REQUIREMENT: In the material below, find each line with the string "roll" and copy it.
Segment Start: RECORDS PROVIDED
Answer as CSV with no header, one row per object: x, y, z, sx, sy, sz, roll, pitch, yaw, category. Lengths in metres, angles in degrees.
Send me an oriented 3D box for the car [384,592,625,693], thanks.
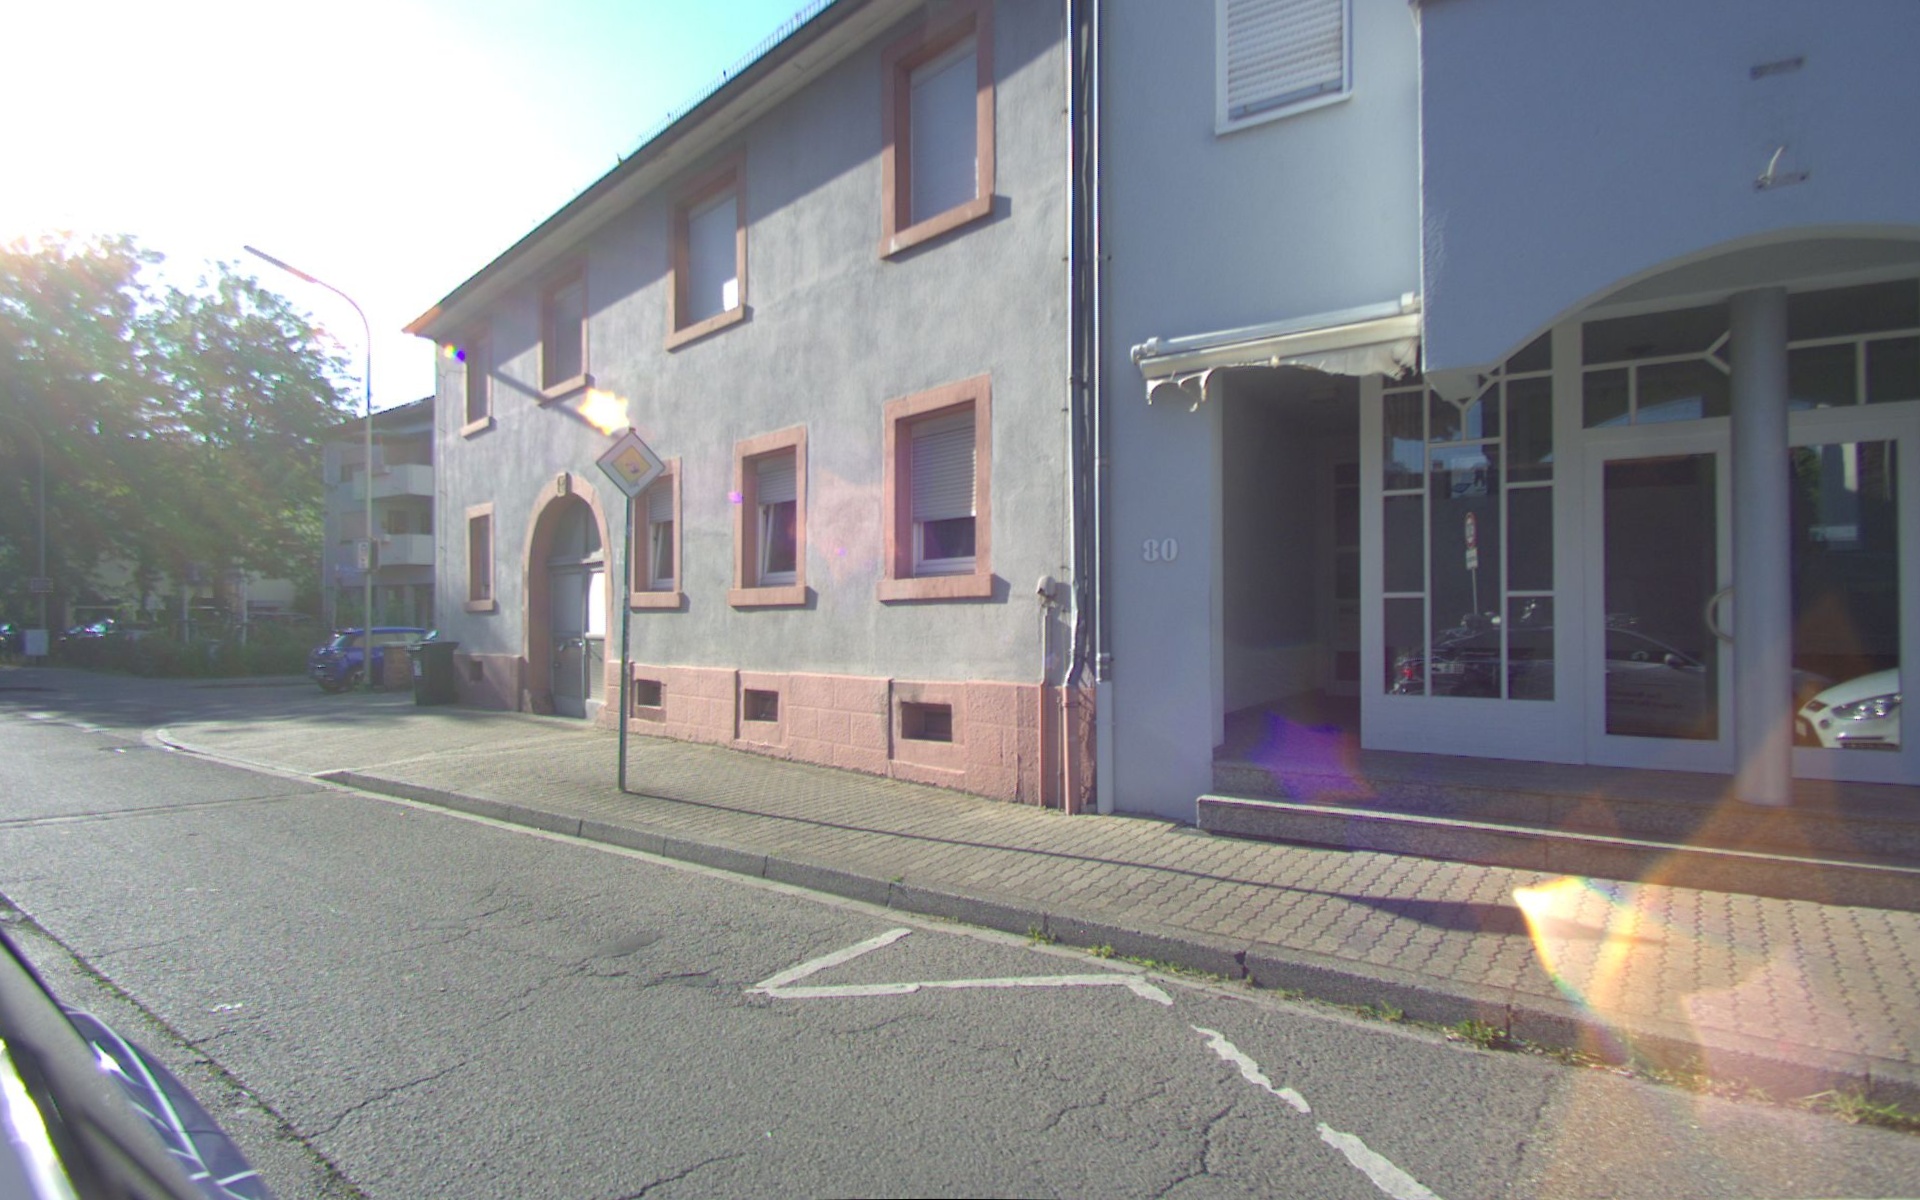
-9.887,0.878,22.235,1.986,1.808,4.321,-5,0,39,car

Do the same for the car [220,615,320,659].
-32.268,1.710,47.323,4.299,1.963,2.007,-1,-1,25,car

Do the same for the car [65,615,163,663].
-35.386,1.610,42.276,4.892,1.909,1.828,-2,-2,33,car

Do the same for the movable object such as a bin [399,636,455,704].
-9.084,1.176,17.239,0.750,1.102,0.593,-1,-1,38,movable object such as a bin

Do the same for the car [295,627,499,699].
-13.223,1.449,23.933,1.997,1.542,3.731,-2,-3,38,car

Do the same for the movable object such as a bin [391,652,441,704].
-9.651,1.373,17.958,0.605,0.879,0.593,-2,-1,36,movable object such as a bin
Segment End: RECORDS PROVIDED
Segment Start: RECORDS PROVIDED
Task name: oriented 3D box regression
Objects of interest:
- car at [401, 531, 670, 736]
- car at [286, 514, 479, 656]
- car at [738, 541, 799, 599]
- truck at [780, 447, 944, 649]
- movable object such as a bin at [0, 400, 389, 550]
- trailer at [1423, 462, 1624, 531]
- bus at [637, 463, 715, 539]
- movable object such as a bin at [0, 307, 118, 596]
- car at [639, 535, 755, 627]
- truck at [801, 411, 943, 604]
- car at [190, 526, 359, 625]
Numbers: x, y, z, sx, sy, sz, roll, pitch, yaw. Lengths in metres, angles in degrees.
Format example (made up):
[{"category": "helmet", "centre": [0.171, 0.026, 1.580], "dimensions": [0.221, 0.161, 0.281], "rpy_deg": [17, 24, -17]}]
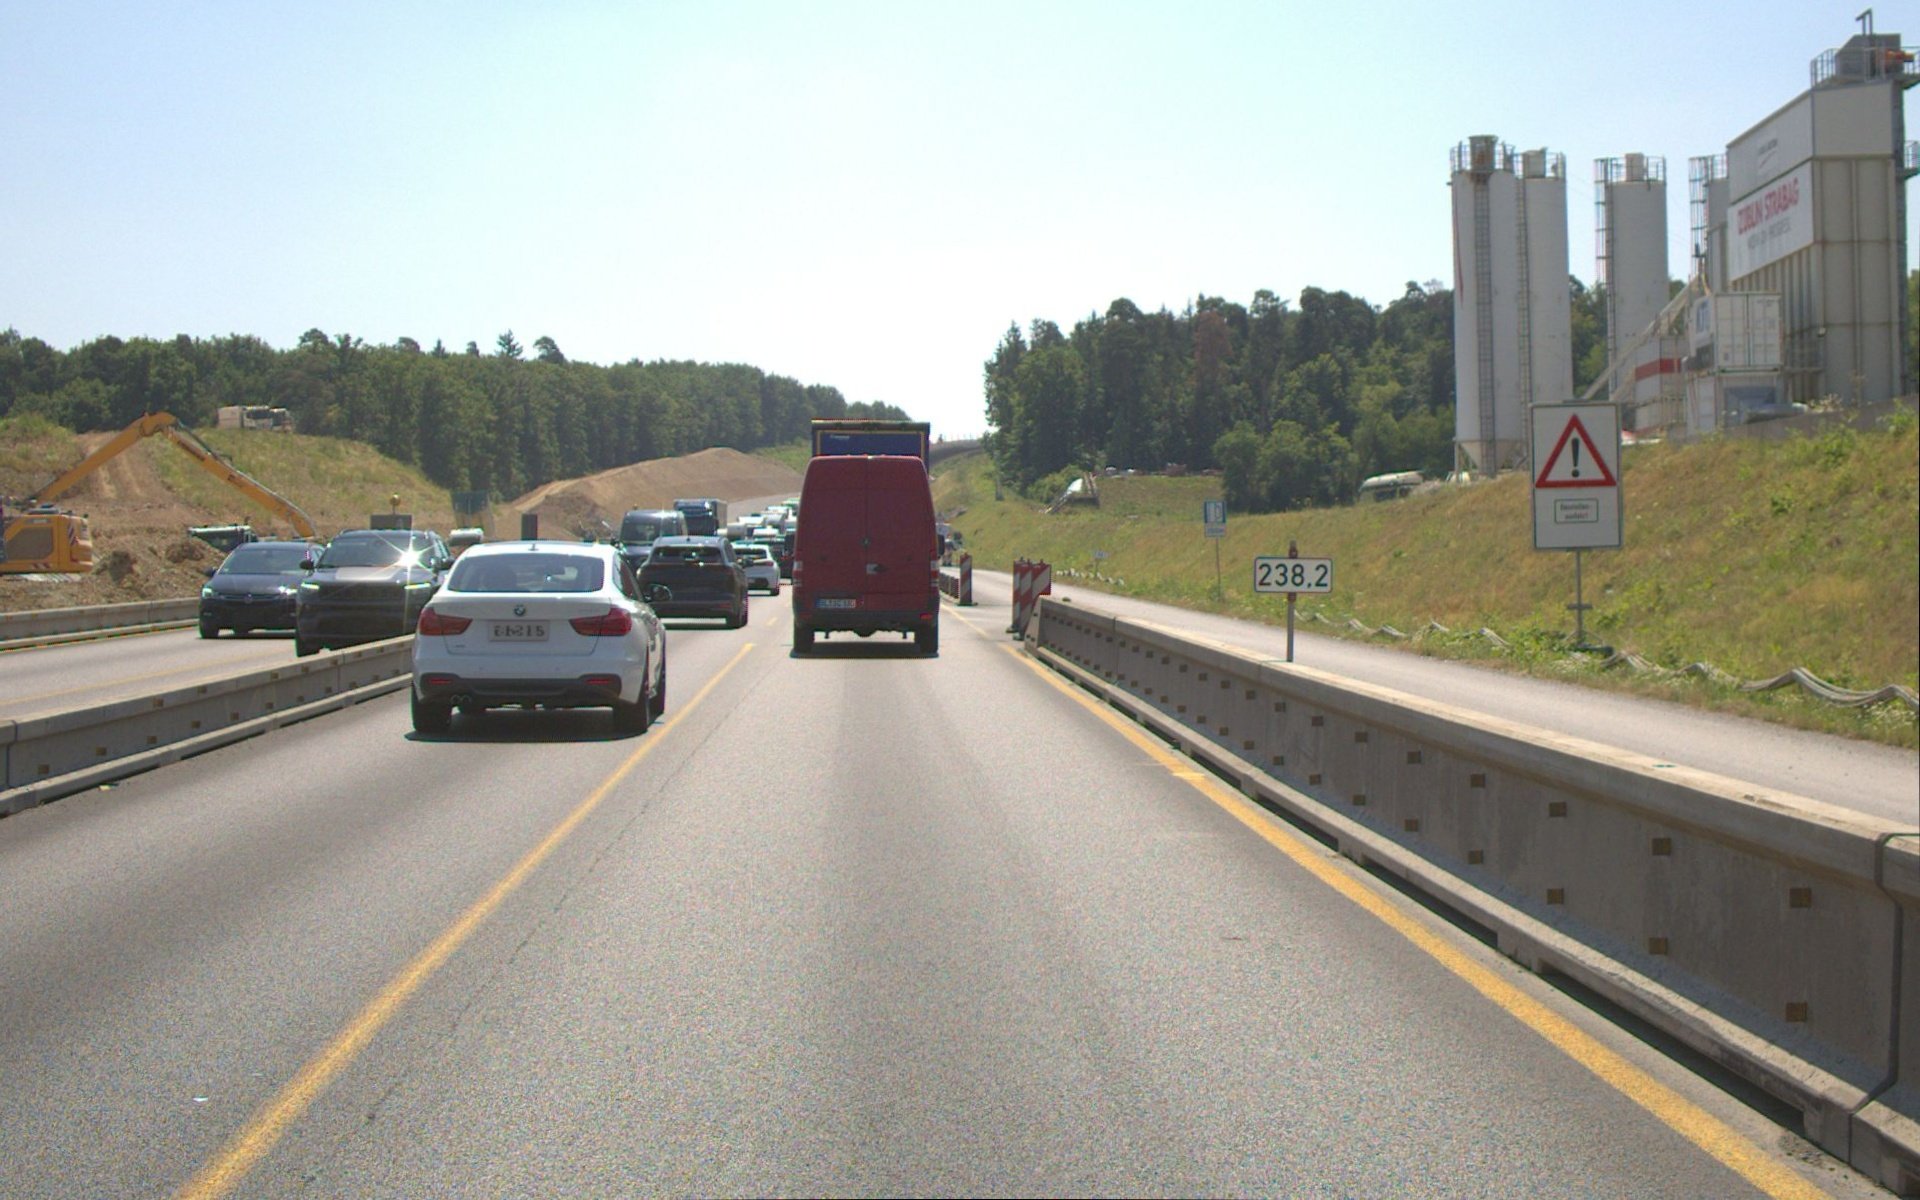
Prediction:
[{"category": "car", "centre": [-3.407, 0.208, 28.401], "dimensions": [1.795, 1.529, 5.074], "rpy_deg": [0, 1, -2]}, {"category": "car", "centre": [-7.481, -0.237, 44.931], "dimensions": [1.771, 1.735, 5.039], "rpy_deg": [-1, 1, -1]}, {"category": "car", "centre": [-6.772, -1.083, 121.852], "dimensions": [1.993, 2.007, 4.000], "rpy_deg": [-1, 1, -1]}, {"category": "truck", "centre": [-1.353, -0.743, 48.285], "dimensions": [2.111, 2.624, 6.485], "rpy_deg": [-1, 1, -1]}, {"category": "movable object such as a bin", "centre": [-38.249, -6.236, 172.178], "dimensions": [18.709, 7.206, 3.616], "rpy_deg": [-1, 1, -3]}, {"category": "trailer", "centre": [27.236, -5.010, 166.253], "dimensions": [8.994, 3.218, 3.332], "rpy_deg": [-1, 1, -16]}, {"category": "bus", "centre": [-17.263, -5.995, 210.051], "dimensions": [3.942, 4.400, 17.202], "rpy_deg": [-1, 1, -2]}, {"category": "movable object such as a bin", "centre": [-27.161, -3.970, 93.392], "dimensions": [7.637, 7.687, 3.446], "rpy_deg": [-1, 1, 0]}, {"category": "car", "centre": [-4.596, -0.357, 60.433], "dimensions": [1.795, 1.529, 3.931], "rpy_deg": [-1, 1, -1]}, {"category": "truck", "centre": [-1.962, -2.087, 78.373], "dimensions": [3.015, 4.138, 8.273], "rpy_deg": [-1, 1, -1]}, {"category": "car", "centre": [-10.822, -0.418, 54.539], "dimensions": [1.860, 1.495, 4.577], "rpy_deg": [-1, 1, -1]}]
Segment End: RECORDS PROVIDED
RESULT:
Answer as CSV with no header, one row per object: x, y, z, sx, sy, sz, roll, pitch, yaw, category. Lengths in metres, angles in degrees.
Numbers: x, y, z, sx, sy, sz, roll, pitch, yaw. Lengths in metres, angles in degrees.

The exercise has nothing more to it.